Plasmonic nanoparticle research has become increasingly active due to potential uses in biomedical applications. However, little is known about the intracellular effects these nanoparticles have on mammalian cells. The aim of this work is to investigate whether silver nanoparticles (AgNPs) conjugated with nuclear and cytoplasmic targeting peptides exhibit the same intracellular effects on cancer cells as peptide-conjugated gold nanoparticles (AuNPs).
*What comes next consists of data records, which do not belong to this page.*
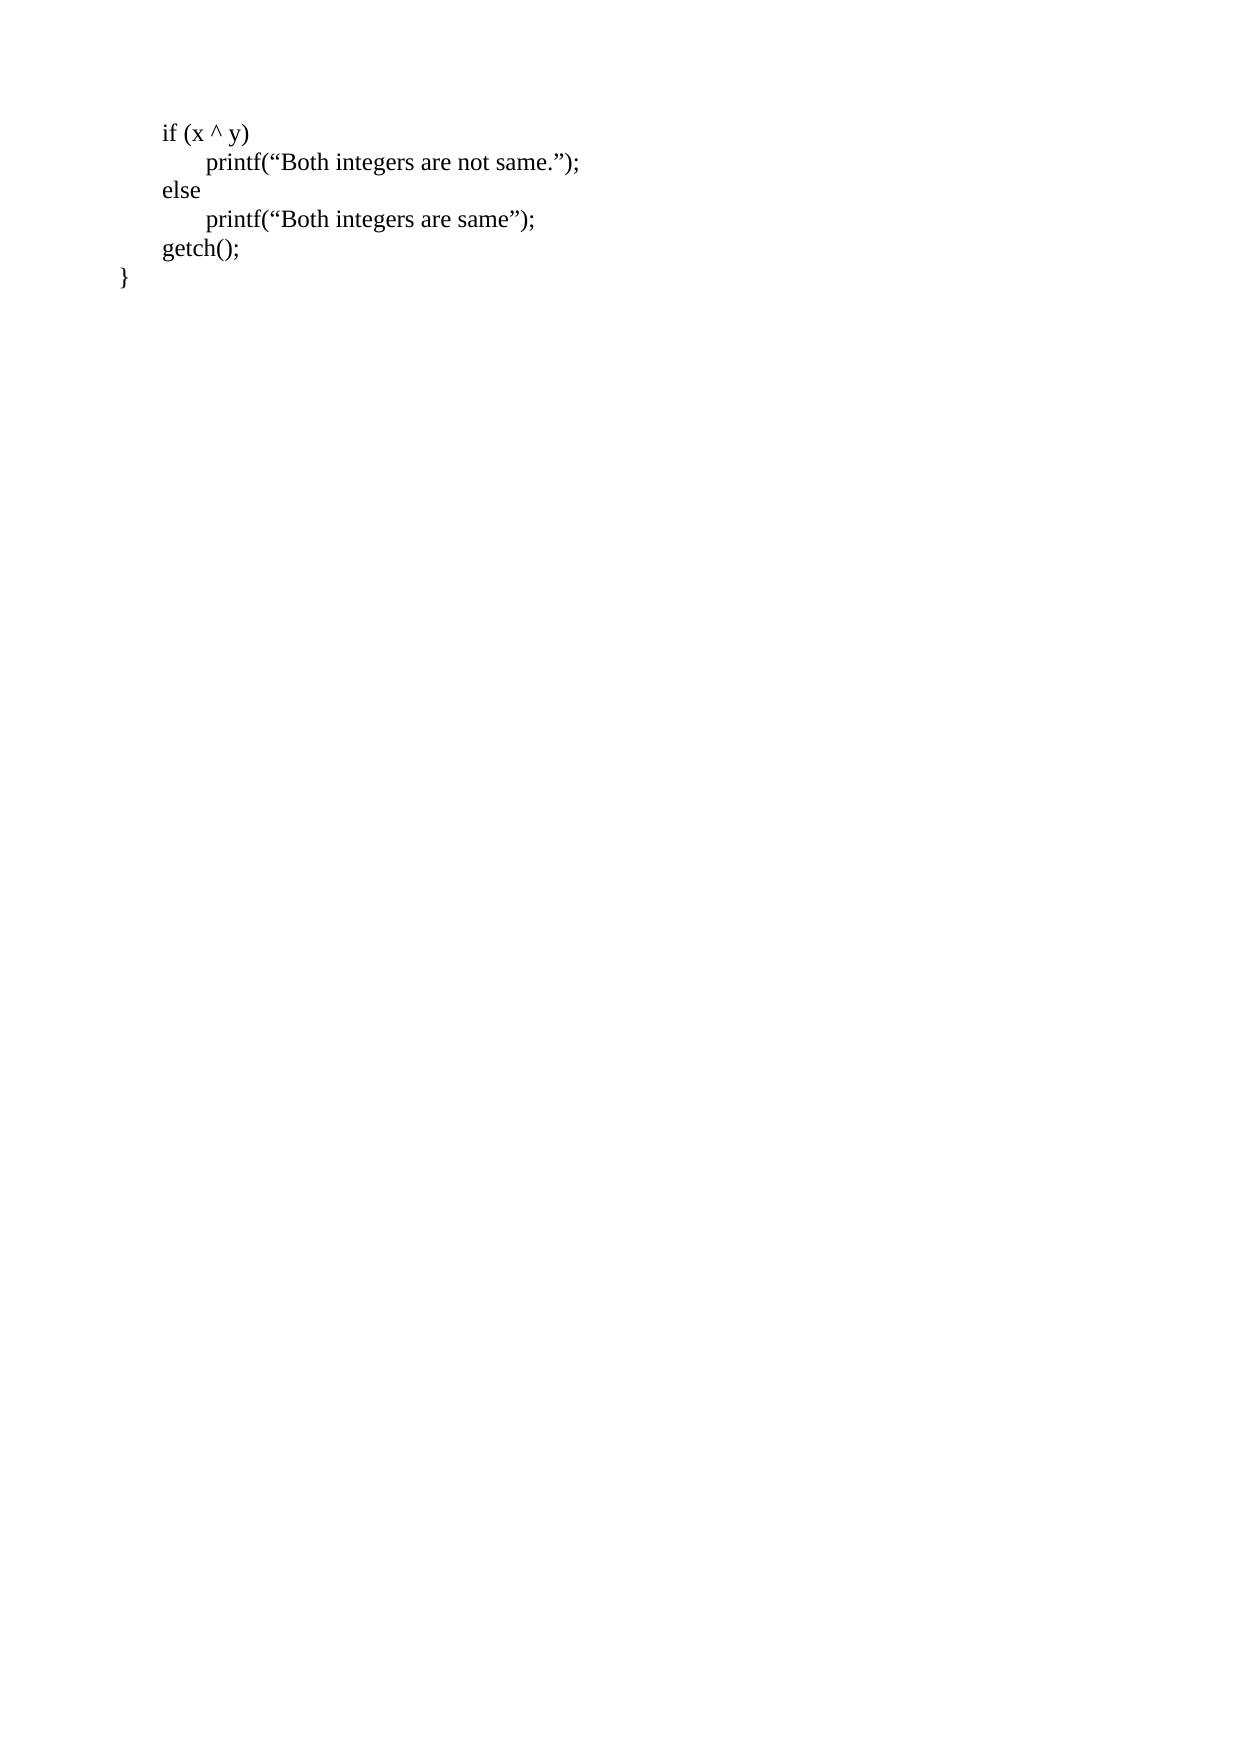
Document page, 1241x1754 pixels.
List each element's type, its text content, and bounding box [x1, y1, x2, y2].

text printf(“Both integers are not same.”); [118, 147, 1122, 176]
text } [118, 262, 1122, 291]
text getch(); [118, 233, 1122, 262]
text if (x ^ y) [118, 118, 1122, 147]
text printf(“Both integers are same”); [118, 204, 1122, 233]
text else [118, 176, 1122, 204]
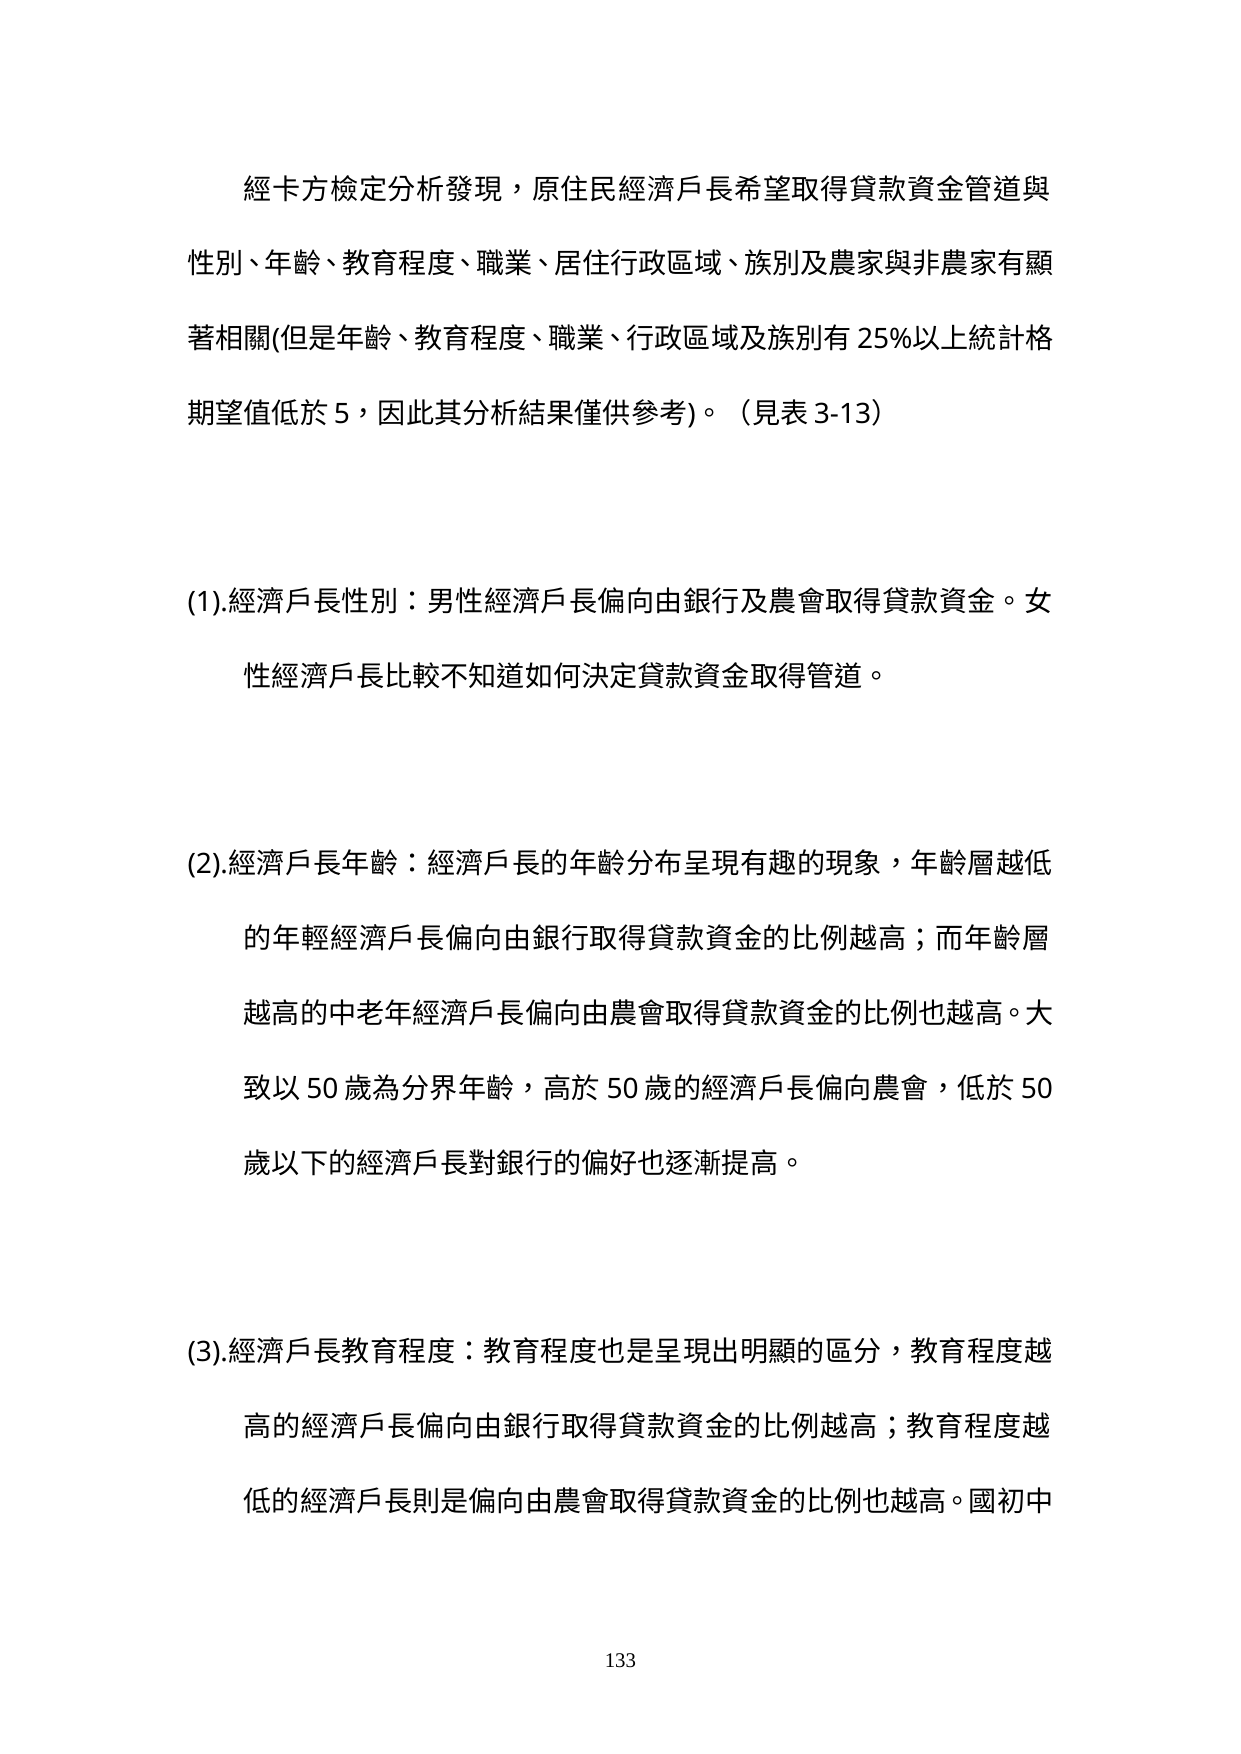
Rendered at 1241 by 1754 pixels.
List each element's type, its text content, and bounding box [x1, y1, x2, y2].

text (1).經濟戶長性別：男性經濟戶長偏向由銀行及農會取得貸款資金。女性經濟戶長比較不知道如何決定貸款資金取得管道。 [187, 562, 1053, 712]
text 經卡方檢定分析發現，原住民經濟戶長希望取得貸款資金管道與性別、年齡、教育程度、職業、居住行政區域、族別及農家與非農家有顯著相關(但是年齡、教育程度、職業、行政區域及族別有25%以上統計格期望值低於5，因此其分析結果僅供參考)。（見表3-13） [187, 150, 1053, 450]
text (2).經濟戶長年齡：經濟戶長的年齡分布呈現有趣的現象，年齡層越低的年輕經濟戶長偏向由銀行取得貸款資金的比例越高；而年齡層越高的中老年經濟戶長偏向由農會取得貸款資金的比例也越高。大致以50歲為分界年齡，高於50歲的經濟戶長偏向農會，低於50歲以下的經濟戶長對銀行的偏好也逐漸提高。 [187, 825, 1053, 1200]
text (3).經濟戶長教育程度：教育程度也是呈現出明顯的區分，教育程度越高的經濟戶長偏向由銀行取得貸款資金的比例越高；教育程度越低的經濟戶長則是偏向由農會取得貸款資金的比例也越高。國初中 [187, 1312, 1053, 1537]

Nuclear and cytoplasmic targeting spherical AgNPs with a diameter of 35 nm were incubated in a cancer (HSC-3) and healthy (HaCat) cell line. By utilizing flow cytometry, confocal microscopy, and real-time dark field imaging, we were able to analyze how targeting AgNPs affect the cell cycle and cell division. These experiments demonstrated that nuclear-targeting AgNPs cause DNA double-strand breaks and a subsequent increase in the sub G1 (apoptotic) population in our cancer cell model at much lower concentrations than previously reported for nuclear targeting AuNPs. Unlike the M phase accumulation seen in cancer cells treated with AuNPs, an accumulation in the G2 phase of the cell cycle was observed in both cell models when treated with AgNPs. Additionally, real-time dark field imaging showed that cancer cells treated with nuclear targeting AgNPs did not undergo cell division and ultimately underwent programmed cell death. A possible explanation of the observed results is discussed in terms of the chemical properties of the nanoparticles.

摘要

由于在生物医学应用中具有潜在用途,等离子体纳米粒子研究变得越来越活跃。然而,对于这些纳米粒子对哺乳动物细胞的细胞内影响知之甚少。这项工作的目的是研究与肽偶联的金纳米粒子(AuNPs)相比,带有核和细胞质靶向肽的银纳米粒子(AgNPs)是否在癌细胞中表现出相同的细胞内效应。用直径为 35nm 的核和细胞质靶向球形 AgNPs 孵育癌细胞(HSC-3)和正常细胞(HaCat)系。通过利用流式细胞术、共聚焦显微镜和实时暗场成像,我们能够分析靶向 AgNPs 如何影响细胞周期和细胞分裂。这些实验表明,核靶向 AgNPs 在比先前报道的核靶向 AuNPs 更低的浓度下,导致我们的癌细胞模型中的 DNA 双链断裂,并随后增加亚 G1(凋亡)群体。与用 AuNPs 处理的癌细胞中观察到的 M 期积累不同,在用 AgNPs 处理两种细胞模型时,观察到细胞周期的 G2 期积累。此外,实时暗场成像显示,用核靶向 AgNPs 处理的癌细胞未进行细胞分裂,最终经历程序性细胞死亡。根据纳米粒子的化学性质讨论了观察结果的可能解释。